Craig’s television work includes several documentaries produced with the New York Times, including hour-long programs about the future of the Arctic Ocean (“New York Times Reporting: Arctic Rush”), Homeland Security (“Are Your Safer?” on the Discovery Channel), the ins and outs of political reporting (“Politics and the Media” on the Discovery Times channel), and the sale of looted artifacts in the antiquities trade (“Stolen Treasures,” also on Discovery Times).
In the summer of 2003, he traveled in Iraq for a program on the hunt for Saddam Hussein (“Hunting Saddam,” on The Discovery Channel). Based in Kuwait before and during the recent war in Iraq, Craig was assigned to work with New York Times Chief Military Correspondent Michael Gordon for a series of pieces on the NewsHour on PBS.
“CNN Presents: Summer of Fire,” an inside view into the lives of wildland firefighters as they tackled huge forest fires during the summer of 2002, ran in June and August of 2003 on CNN. Also for CNN, Craig produced “Carrier at War” – an hour-long documentary for CNN’s documentary strand CNN Presents. That program chronicled a week in the life of the aircraft carrier USS John C. Stennis, as it operated during the war in Afghanistan. A follow-up to that program was “War Birds,” which focused on military aircraft, including the Navy’s newest jet fighter and the Air Force’s oldest bomber, the B-52. He also produced and directed (with Red Sky Productions) “El Lobo: the Song of the Wolf,” a film, hosted by musician Kenny Loggins, about the reintroduction of endangered Mexican gray wolves in the southwestern U.S.

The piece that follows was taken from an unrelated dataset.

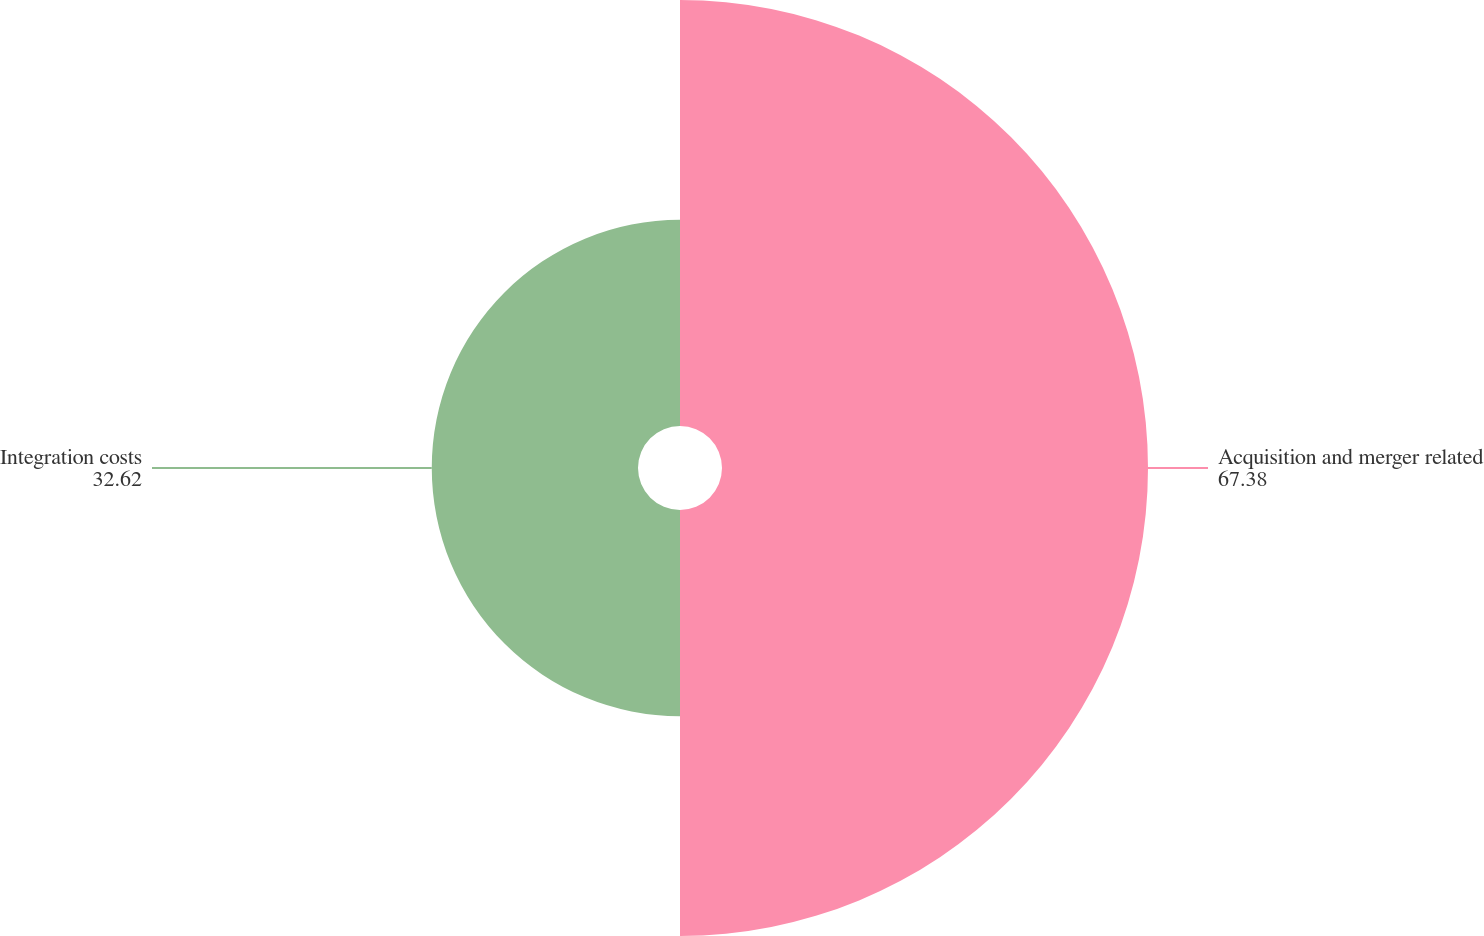Convert chart to OTSL. <chart><loc_0><loc_0><loc_500><loc_500><pie_chart><fcel>Acquisition and merger related<fcel>Integration costs<nl><fcel>67.38%<fcel>32.62%<nl></chart> 
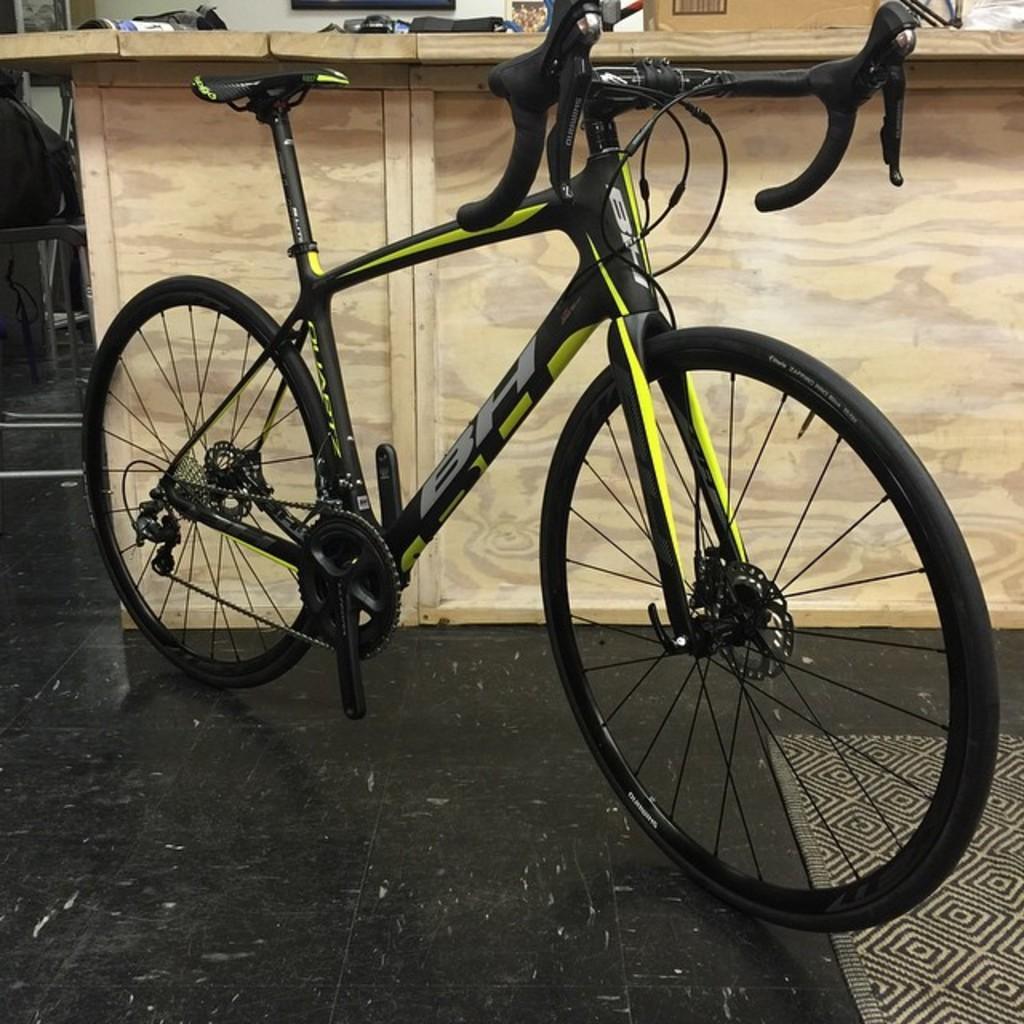Could you give a brief overview of what you see in this image? In this image there is a bicycle on the floor. Behind there is a table having a cardboard box and few objects on it. Left side there is a table having a bag on it. Background there is a wall having few frames attached to it.

He was the photographer, producer, writer and director of “Global Challenges: Virtual Villages,” a special for CNN International that looked at novel uses of new technologies in the developing world (shot on location in the Dominican Republic, India, Bangladesh, South Africa and Mozambique). Other memorable films and specials include: a documentary about the lingering effects of the defoliant Agent Orange in Vietnam; two programs which delved into the tribal world of tattooing and body art; “Changing our Minds,” a scientific special about the brain and long-term thinking; “Flamingowatch!,” a live wildlife program broadcast from Kenya and co-produced with the BBC and The National Audubon Society; coverage of the United Nations summits on environment and population; and “In Nature’s Wake,” a CNN newsmagazine special about the Mississippi river floods of 1993 (winner of a national Emmy award).
Before his successful freelance years, Craig was as an Executive Producer at CNN in Atlanta, where he co-created and oversaw the production of two cultural newsmagazine series (TOPX on TBS and The American Edge on CNN) as well as various specials.
During nearly 10 years at CNN and Turner Broadcasting, Craig Duff received numerous awards, including a national EMMY, two Cable Ace Awards, the National Headliner Award, a Genesis award, three awards from the Environmental Media Association, and festival honors from the Houston, Chicago, Columbus and National Educational Film Festivals.
His documentary New York Times Reporting: Arctic Rush was awarded the National Association of Science Writers’ 2006 Science and Society Award.
“Ricochet,” a video series he produced (with Stephen Franklin) on gun violence in Chicago, was awarded a Peter Lisagor award from the Chicago Headline Club.
While at Northwestern, Craig continues to freelance for major news organizations including the New York Times (with whom he recently covered the gun violence over Memorial Day Weekend in Chicago), WSJ.com, AJ+ and others.
Craig has earned a Master of Arts degree in Radio, Television and Film from the University of Texas at Austin and a Bachelor of Arts in Speech Communication from Youngstown State University.